**in·nu·mer·ate adj. Unfamiliar with mathematical concepts and methods.//-->n. A person who is unfamiliar with mathematical concepts and methods.//-->in·nu'mer·a·cy n.**

The other night, I was tutoring a student S down by the apartment complex pool. This is an arrangement that seems to be helping this student. I take a white board down there, attach it to the fence with tie-wraps and use it to do examples, or have him work out a problem with guidance. We work for about 40 mins then jump in the pool for 5-10 mins, then work a little longer. We do this until he can't handle any more. We had been doing this for the last week.

Several people that were hanging out by the pool were fascinated that we were doing Algebra. These people ranged in age from mid-20's to late-40's. Every one of them had to mention that they were "bad at math." Then they went on to describe exactly how "bad at math" they were. They asked if what we were doing was high school math. Sort of. This student is a high school student, but most students take Algebra in 8th grade now. One woman indicated that she now knew why her daughter was doing bad in math in 8th grade, if what I had on the white board was 8th grade math.

My first thought is very catty and elitist:

*you don't know what your kid was doing in math class, but you knew she wasn't doing well? You didn't make it your business to find out or try to help her?*Then I realized that her attitude of being "bad at math" was probably the cause. Most people that think they are "bad at math" are actually kind of scared of math, in my experience. So I tried not to be judgmental, and just answered their questions openly and tried to be warm.

Anyway, the conversation made me think of

**this Mathchique post**where she discusses math phobia as a cultural problem. I kept thinking that Mathchique is right. Pretty much anyone would be embarrassed to say, "I can't read" as an adult, but it is almost a point of honor to say "I'm bad at math." Why?

I do think that movies like A Beautiful Mind and TV shows like Numbers could be heralding a change in the culture. At least I hope so.

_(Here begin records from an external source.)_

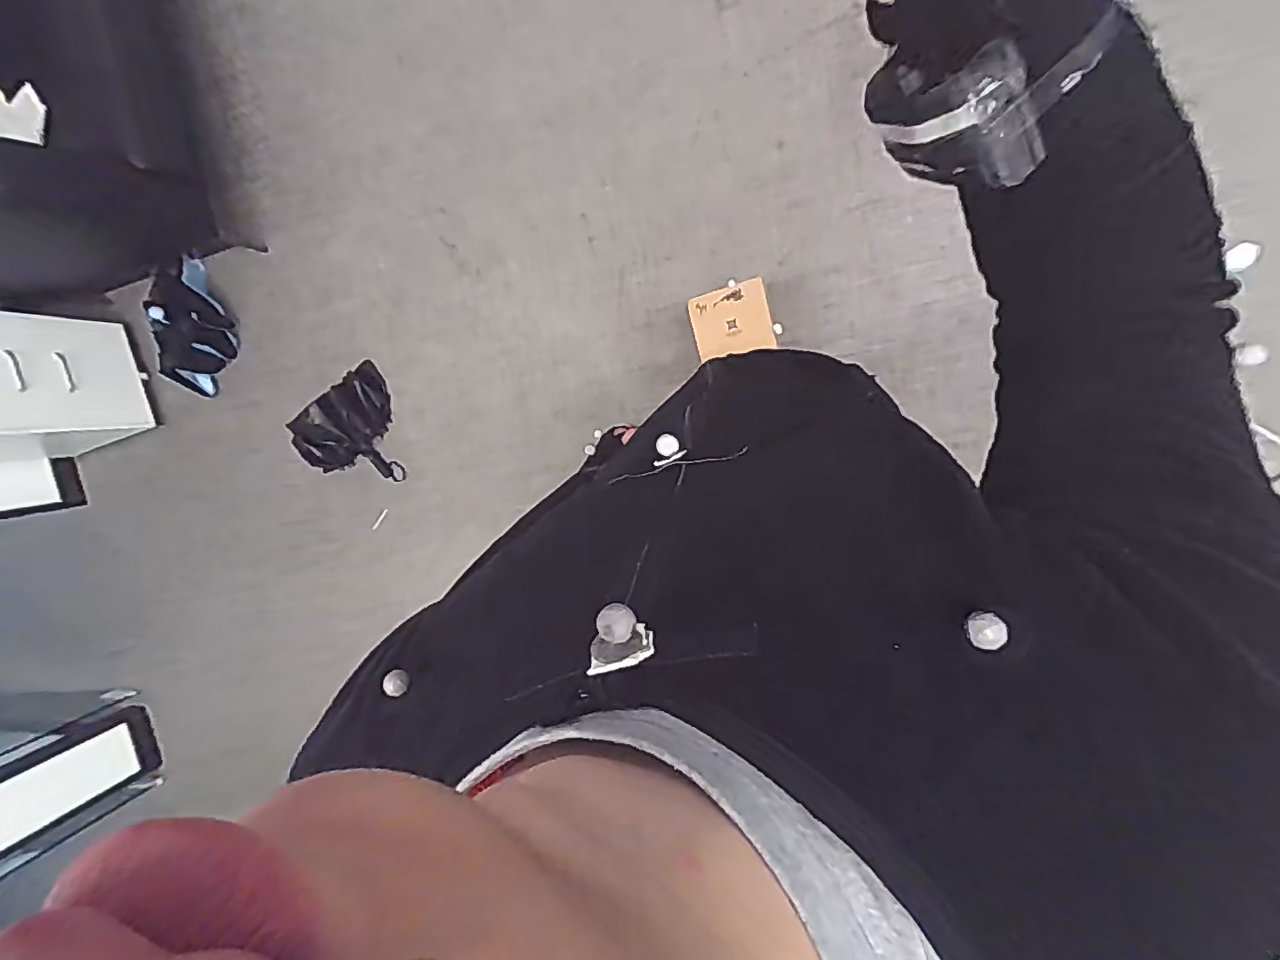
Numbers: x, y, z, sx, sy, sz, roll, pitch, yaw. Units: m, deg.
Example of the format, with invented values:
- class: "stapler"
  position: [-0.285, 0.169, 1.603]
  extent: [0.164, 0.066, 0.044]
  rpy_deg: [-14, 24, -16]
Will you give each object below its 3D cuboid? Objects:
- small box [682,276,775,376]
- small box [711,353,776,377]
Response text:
- class: "small box"
  position: [0.210, -0.345, 1.238]
  extent: [0.168, 0.176, 0.179]
  rpy_deg: [-12, 97, 18]
- class: "small box"
  position: [0.251, -0.370, 1.394]
  extent: [0.168, 0.176, 0.179]
  rpy_deg: [-14, 96, 18]
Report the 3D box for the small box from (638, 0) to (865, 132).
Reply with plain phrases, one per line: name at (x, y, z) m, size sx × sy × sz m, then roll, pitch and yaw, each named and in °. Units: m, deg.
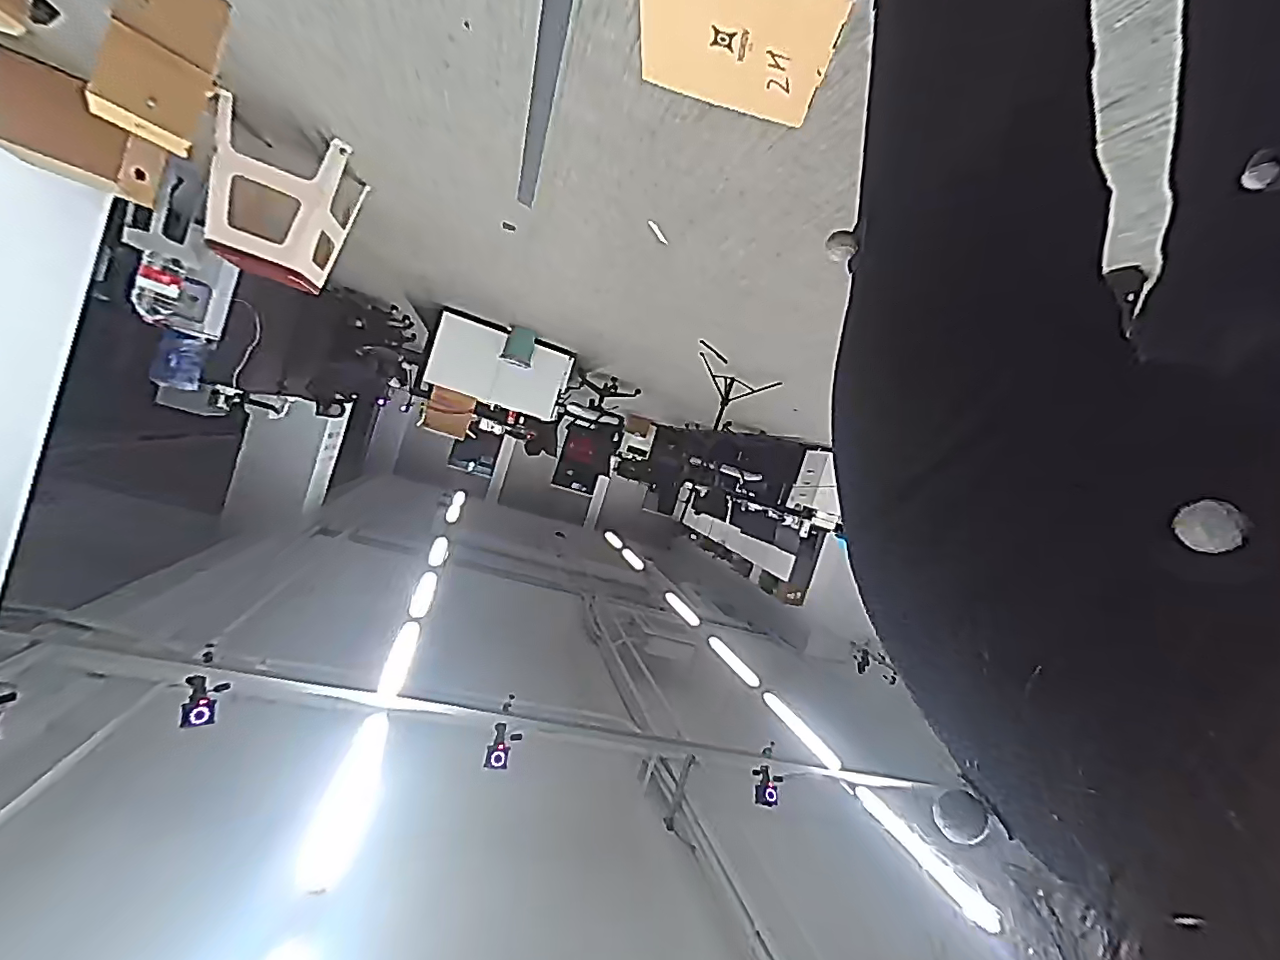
small box at (0.108, -0.466, 0.484) m, size 0.179 × 0.176 × 0.168 m, roll 16°, pitch -177°, yaw -3°
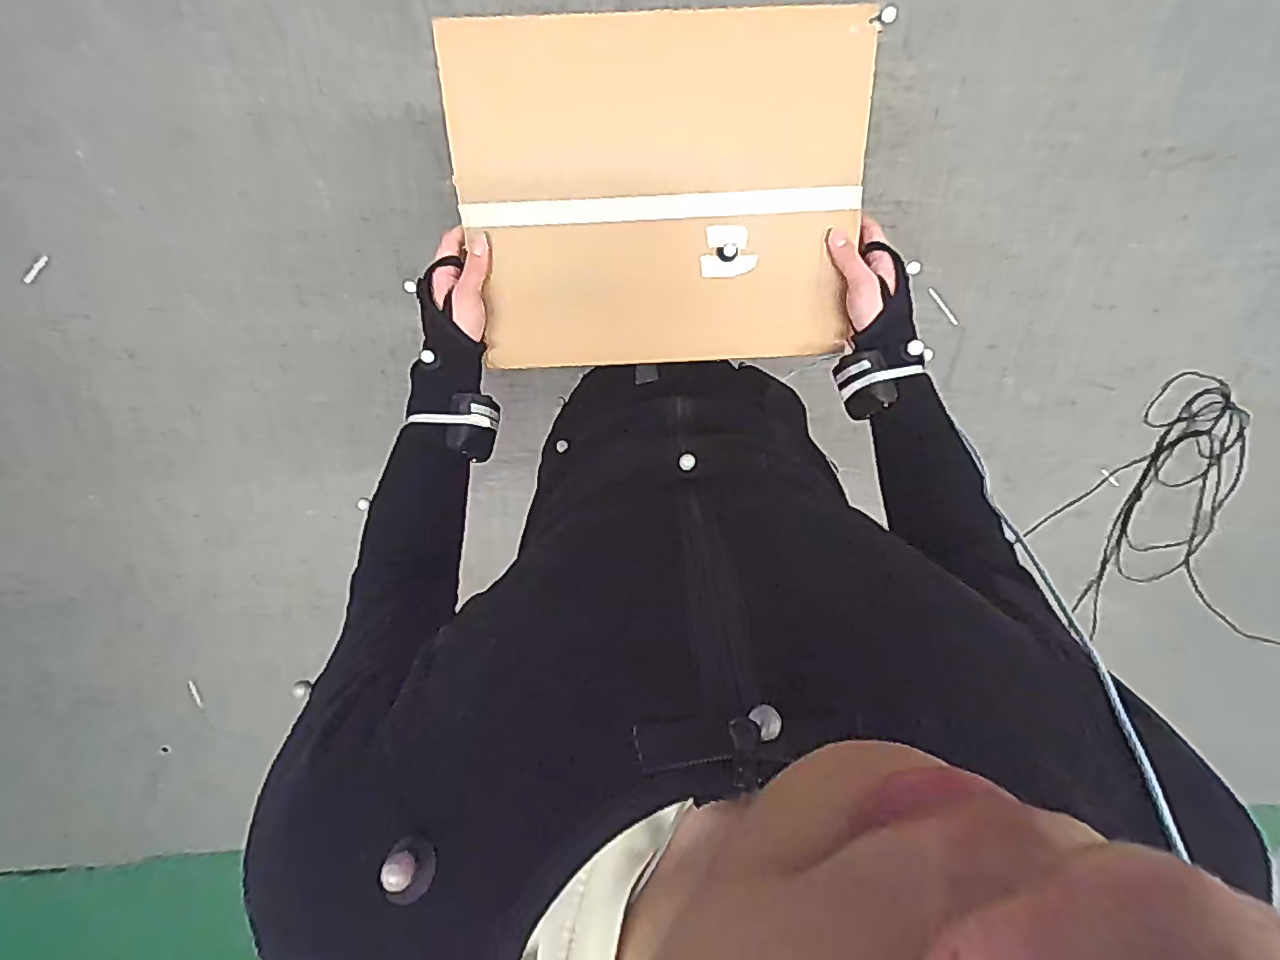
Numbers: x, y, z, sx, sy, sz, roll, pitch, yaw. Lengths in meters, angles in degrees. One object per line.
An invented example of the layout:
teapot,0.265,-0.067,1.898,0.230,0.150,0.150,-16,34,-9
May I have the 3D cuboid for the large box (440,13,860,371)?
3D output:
large box,0.012,-0.337,0.698,0.408,0.320,0.320,-4,114,-1
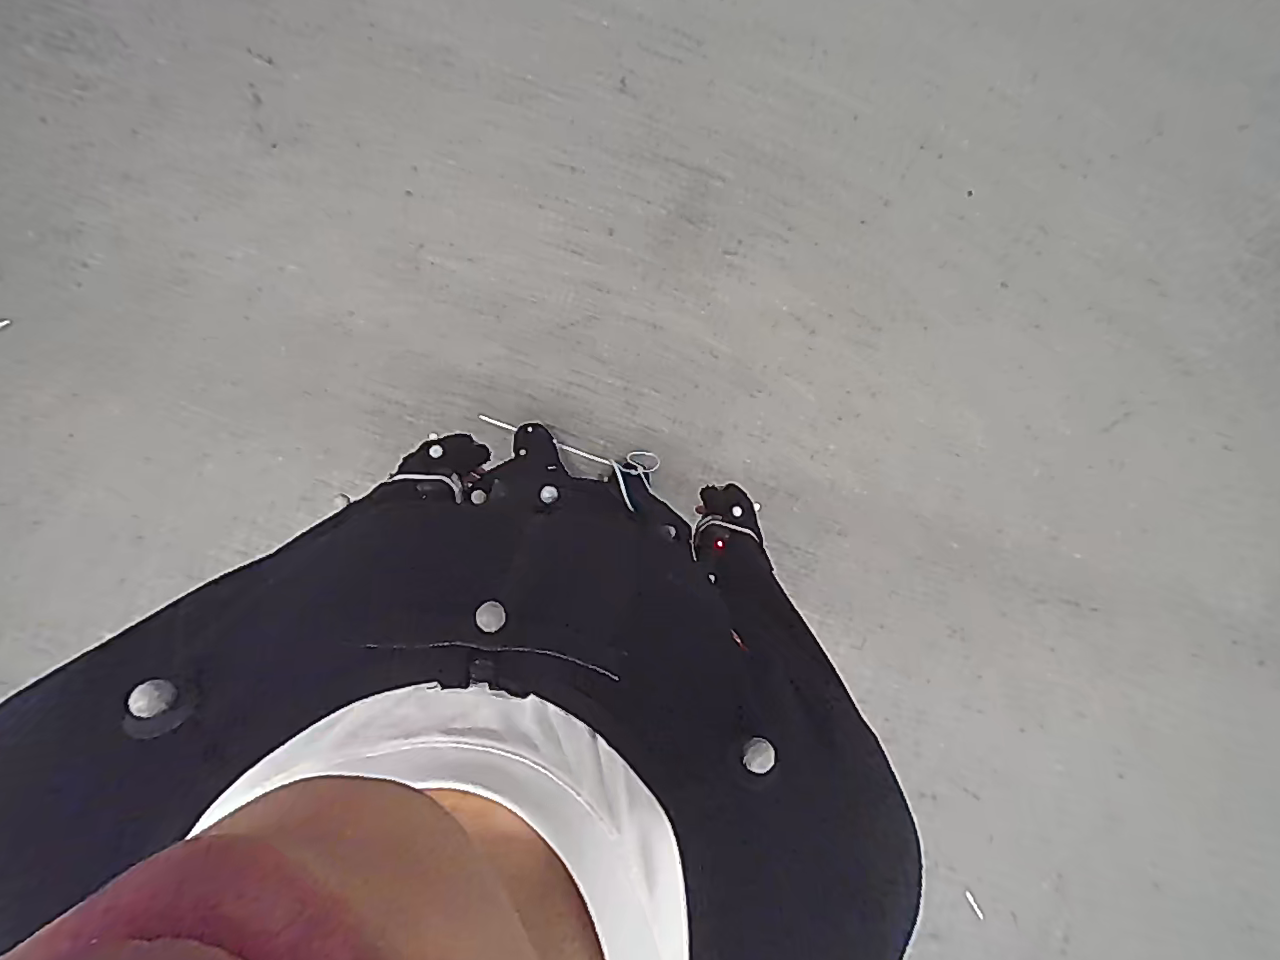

The National Mathematics Advisory Panel is recommending that we need a cultural shift about math. One of their statements is that "students who believe learning mathematics is strongly related to innate ability show less persistence on complex tasks than peers who believe that effort is more important. "

Read that carefully. What it is saying is that if you believe you are bad at math, you will not practice enough to get better, because you don't believe you'll be able to get better. Wow.

Listen to this story to NPR about the international math test. Mainstream news emphasized that the US had improved in the scores. They rarely mentioned that we are doing better than third world countries, but 5 Asian countries score higher than us. Remember the

**Two Million Minutes**video?

Let's combine those two ideas: if you think math skills are innate (meaning that you are born with an "ability" to do math) you will not practice enough to learn it, nor will you make it a priority to spend the time to practice it.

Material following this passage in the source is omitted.